Most government support has been in the form of limited or empty promises. At federal level, governments on both political sides have slashed funding for Australian R&D to the point where Australia's standing is now just ahead of Greece. Austrade, the organisation set up to help Australian companies market their products overseas, seems more focused on selling Australia’s expertise to global corporations than helping Aussie hi-techs export their products.
Going it Alone
For these and other reasons, most hi-tech start-ups try to go it alone, and we’ve seen spectacular successes like pioneers Cochlear and ResMed and, more recently, Atlassian. It’s instructive that Atlassian chose the US stock market for its highly successful IPO. Maybe because many Aussie investors are reluctant to back a local software company or any Aussie technology vendor. More Here from Atlassian founder Mike Cannon-Brooks.
A biotech client of ours listed first on the ASX and then on the NASDAQ, after finding it couldn’t attract enough investors in Australia. The situation
is even worse for software companies: ‘… there are no solely software-based companies listed on the ASX,’ says Alex Louey, co-founder of Appscore.
‘In the US they are a dime a dozen.’ That’s the state of affairs Down Under.
The Warrior Route: you’re really on your own
The USA is an irresistible honeypot for many Australian technology companies because of the vast opportunities and associated prestige. But for a small Aussie company of 20-60 staff, it can be distracting, expensive and tough to get traction across the Pacific.
A former client of ours, an enterprise security software vendor, had connections in the USA and the CEO was super-keen to make his mark there. A few years ago, one of his well-connected mates encouraged him to hire a local salesman and even put forward a candidate with an impressive CV including well-known US employers. Against our advice, the CEO hired the candidate, sight unseen.
The decision had unexpected consequences. Not only did the guy have such huge health problems he couldn't fly across the country to visit prospects or attend security conferences, he was too unwell to even walk very far. As a sales resource, he was next to useless unless he was talking on the phone. Face-to-face contact was out of the question, so he arranged a plethora of meetings and waited for high level resources from Australia and the UK to fly over and attend.

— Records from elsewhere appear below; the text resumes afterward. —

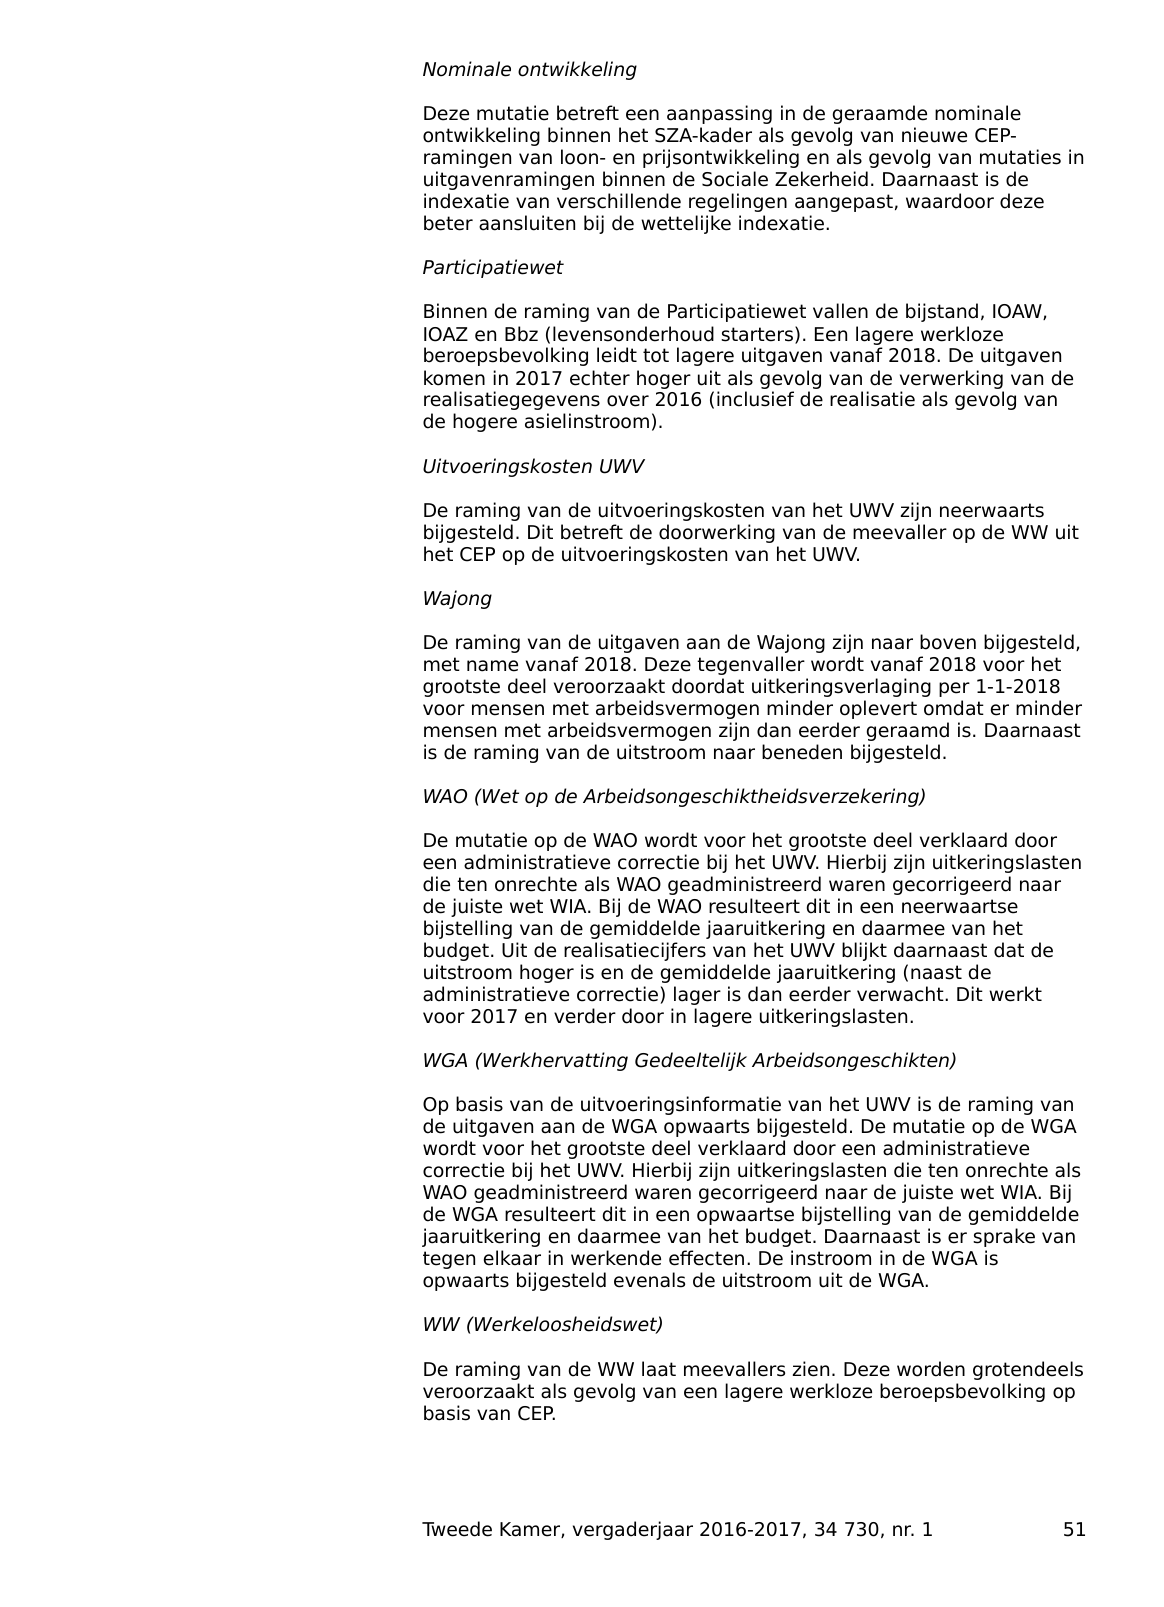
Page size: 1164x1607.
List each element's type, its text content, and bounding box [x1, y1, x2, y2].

subtitle Uitvoeringskosten UWV [422, 456, 1087, 477]
text De raming van de uitvoeringskosten van het UWV zijn neerwaarts bijgesteld. Dit betreft de doorwerking van de meevaller op de WW uit het CEP op de uitvoeringskosten van het UWV. [422, 500, 1087, 566]
subtitle Nominale ontwikkeling [422, 59, 1087, 81]
subtitle WAO (Wet op de Arbeidsongeschiktheidsverzekering) [422, 786, 1087, 808]
text De raming van de WW laat meevallers zien. Deze worden grotendeels veroorzaakt als gevolg van een lagere werkloze beroepsbevolking op basis van CEP. [422, 1358, 1087, 1424]
text De mutatie op de WAO wordt voor het grootste deel verklaard door een administratieve correctie bij het UWV. Hierbij zijn uitkeringslasten die ten onrechte als WAO geadministreerd waren gecorrigeerd naar de juiste wet WIA. Bij de WAO resulteert dit in een neerwaartse bijstelling van de gemiddelde jaaruitkering en daarmee van het budget. Uit de realisatiecijfers van het UWV blijkt daarnaast dat de uitstroom hoger is en de gemiddelde jaaruitkering (naast de administratieve correctie) lager is dan eerder verwacht. Dit werkt voor 2017 en verder door in lagere uitkeringslasten. [422, 830, 1087, 1028]
subtitle WW (Werkeloosheidswet) [422, 1314, 1087, 1336]
subtitle Wajong [422, 588, 1087, 610]
text Binnen de raming van de Participatiewet vallen de bijstand, IOAW, IOAZ en Bbz (levensonderhoud starters). Een lagere werkloze beroepsbevolking leidt tot lagere uitgaven vanaf 2018. De uitgaven komen in 2017 echter hoger uit als gevolg van de verwerking van de realisatiegegevens over 2016 (inclusief de realisatie als gevolg van de hogere asielinstroom). [422, 301, 1087, 433]
text De raming van de uitgaven aan de Wajong zijn naar boven bijgesteld, met name vanaf 2018. Deze tegenvaller wordt vanaf 2018 voor het grootste deel veroorzaakt doordat uitkeringsverlaging per 1-1-2018 voor mensen met arbeidsvermogen minder oplevert omdat er minder mensen met arbeidsvermogen zijn dan eerder geraamd is. Daarnaast is de raming van de uitstroom naar beneden bijgesteld. [422, 632, 1087, 764]
subtitle Participatiewet [422, 257, 1087, 279]
text Deze mutatie betreft een aanpassing in de geraamde nominale ontwikkeling binnen het SZA-kader als gevolg van nieuwe CEP-ramingen van loon- en prijsontwikkeling en als gevolg van mutaties in uitgavenramingen binnen de Sociale Zekerheid. Daarnaast is de indexatie van verschillende regelingen aangepast, waardoor deze beter aansluiten bij de wettelijke indexatie. [422, 103, 1087, 235]
text Op basis van de uitvoeringsinformatie van het UWV is de raming van de uitgaven aan de WGA opwaarts bijgesteld. De mutatie op de WGA wordt voor het grootste deel verklaard door een administratieve correctie bij het UWV. Hierbij zijn uitkeringslasten die ten onrechte als WAO geadministreerd waren gecorrigeerd naar de juiste wet WIA. Bij de WGA resulteert dit in een opwaartse bijstelling van de gemiddelde jaaruitkering en daarmee van het budget. Daarnaast is er sprake van tegen elkaar in werkende effecten. De instroom in de WGA is opwaarts bijgesteld evenals de uitstroom uit de WGA. [422, 1094, 1087, 1292]
subtitle WGA (Werkhervatting Gedeeltelijk Arbeidsongeschikten) [422, 1050, 1087, 1072]

He must have been pretty convincing by phone, because it took the CEO 12 months to realise the full extent of the problem. By then, he'd spent serious money for salary, travel and accommodation, he'd distracted his key UK and Aussie tech resources in wild goose chases - and lost a precious year in a fast-moving, competitive market.
More than that, the CEO had been so focused on the US, he'd missed the signs that customers in the UK and Australia were feeling neglected and weren't happy. All things considered, the US hire decision cost the company millions.
Sure, this is an extreme case, but this direct approach is hugely attractive with Aussie technology companies, especially using a lone warrior - whether
hired overseas or relocated from OZ - and more often than not, this avenue doesn’t deliver.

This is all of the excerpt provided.